Gli autori hanno analizzato gli effetti sugli animali, e la prima scoperta è già di quelle che fanno alzare le sopracciglia: l’inchiostro non rimane affatto confinato alla pelle. In poche ore entra nel sistema linfatico e si accumula nei linfonodi, che sono un po’ le sentinelle del nostro sistema immunitario. Fin qui, lo si sospettava da tempo. Ora però c’è la conferma sperimentale, accompagnata da un dettaglio non irrilevante: l’inchiostro induce una risposta infiammatoria in due tempi. Una fase acuta, che dura un paio di giorni, e una fase cronica che può trascinarsi per anni.

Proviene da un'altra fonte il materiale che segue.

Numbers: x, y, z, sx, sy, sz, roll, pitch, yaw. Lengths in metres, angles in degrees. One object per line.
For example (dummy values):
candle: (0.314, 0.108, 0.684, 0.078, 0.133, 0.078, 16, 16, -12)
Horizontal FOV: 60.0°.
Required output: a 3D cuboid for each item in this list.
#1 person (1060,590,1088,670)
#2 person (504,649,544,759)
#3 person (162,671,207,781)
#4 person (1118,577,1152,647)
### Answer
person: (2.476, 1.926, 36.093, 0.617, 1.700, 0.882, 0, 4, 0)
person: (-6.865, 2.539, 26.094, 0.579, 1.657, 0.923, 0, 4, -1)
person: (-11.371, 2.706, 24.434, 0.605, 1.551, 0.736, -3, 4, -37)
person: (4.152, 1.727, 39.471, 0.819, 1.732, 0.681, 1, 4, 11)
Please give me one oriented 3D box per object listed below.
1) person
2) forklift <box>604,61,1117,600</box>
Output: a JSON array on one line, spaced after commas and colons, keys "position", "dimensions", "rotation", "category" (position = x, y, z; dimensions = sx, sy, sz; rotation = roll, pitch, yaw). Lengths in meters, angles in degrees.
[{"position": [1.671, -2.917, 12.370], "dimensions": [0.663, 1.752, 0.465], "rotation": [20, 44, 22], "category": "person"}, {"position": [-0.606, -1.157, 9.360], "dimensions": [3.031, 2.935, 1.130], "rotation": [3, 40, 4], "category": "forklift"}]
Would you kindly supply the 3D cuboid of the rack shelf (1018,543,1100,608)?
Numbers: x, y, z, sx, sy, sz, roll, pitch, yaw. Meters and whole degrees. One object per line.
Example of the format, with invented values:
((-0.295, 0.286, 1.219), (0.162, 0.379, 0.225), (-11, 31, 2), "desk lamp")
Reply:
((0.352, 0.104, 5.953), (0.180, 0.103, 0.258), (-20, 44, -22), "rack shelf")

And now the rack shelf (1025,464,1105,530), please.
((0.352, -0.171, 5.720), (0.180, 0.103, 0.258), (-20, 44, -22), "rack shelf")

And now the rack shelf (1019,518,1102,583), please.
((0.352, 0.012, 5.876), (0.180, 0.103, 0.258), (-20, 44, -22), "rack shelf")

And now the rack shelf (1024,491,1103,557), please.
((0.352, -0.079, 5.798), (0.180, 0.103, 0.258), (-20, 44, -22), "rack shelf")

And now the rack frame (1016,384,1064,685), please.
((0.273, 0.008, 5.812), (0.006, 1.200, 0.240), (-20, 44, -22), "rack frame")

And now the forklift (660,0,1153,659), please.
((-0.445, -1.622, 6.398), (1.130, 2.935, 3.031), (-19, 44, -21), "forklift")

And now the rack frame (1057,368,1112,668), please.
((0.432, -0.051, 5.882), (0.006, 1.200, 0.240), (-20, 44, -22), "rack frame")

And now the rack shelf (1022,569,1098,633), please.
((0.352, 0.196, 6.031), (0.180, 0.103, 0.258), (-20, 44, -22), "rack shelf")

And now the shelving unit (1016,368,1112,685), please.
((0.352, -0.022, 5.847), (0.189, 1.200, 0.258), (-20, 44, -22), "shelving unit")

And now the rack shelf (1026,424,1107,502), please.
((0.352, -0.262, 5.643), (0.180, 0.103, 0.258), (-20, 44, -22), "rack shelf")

Ed è quest’ultima a preoccupare. I pigmenti vengono assorbiti dai macrofagi, le cellule che di solito divorano ciò che non dovrebbe stare nel nostro corpo. Peccato che, in questo caso, non riescano a “digerire” l’inchiostro. Lo inglobano, ci provano, falliscono, e alla fine muoiono. Da qui nasce una sorta di circolo vizioso: altre cellule intervengono, lo stesso pigmento continua a essere presente, la reazione immunitaria non si spegne mai del tutto. Il fenomeno è più evidente con i colori rosso e nero, quelli che – guarda caso – dominano nel mercato.

Secondo gli autori, questa presenza continua dell’inchiostro nei linfonodi finisce per coinvolgere anche le cellule nuove, quelle che dovrebbero svolgere il loro lavoro senza ereditare problemi. È un po’ come se il sistema immunitario dovesse convivere con un ingombro costante, e alla lunga ne risentisse. Non solo: lo studio suggerisce che i tatuaggi potrebbero ridurre l’efficacia dei vaccini. Un’ipotesi che, anche solo a nominarla, farà gola ai no vax, prontissimi a tirarla per la giacchetta (perché vaccinarsi se basta un tatuaggio a ridurne l’efficacia?)

Ad ogni modo la verità, confermata dagli stessi ricercatori, è che non ci sono prove certe di un legame tra tatuaggi e lo sviluppo di tumori. È una questione aperta, su cui si discute da anni e su cui si continuerà a discutere. Questo studio non arriva a dare risposte definitive, ma suggerisce che servono controlli rigorosi sui pigmenti e procedure standardizzate. Non demonizza i tatuaggi, ma ci ricorda che, proprio perché li abbiamo normalizzati, forse dovremmo anche pretendere più sicurezza. E più trasparenza.

In fondo, il tatuaggio come gesto personale resta sacro: è identità, scelta, memoria. Ma la pelle, da sola, non basta a contenerne le conseguenze. E se davvero una parte dei pigmenti se ne va in giro per il sistema linfatico per anni, allora forse è il momento di discutere non solo dell’estetica, ma della biologia. Senza toni apocalittici, certo, ma anche senza la leggerezza con cui, per troppo tempo, abbiamo trattato la questione.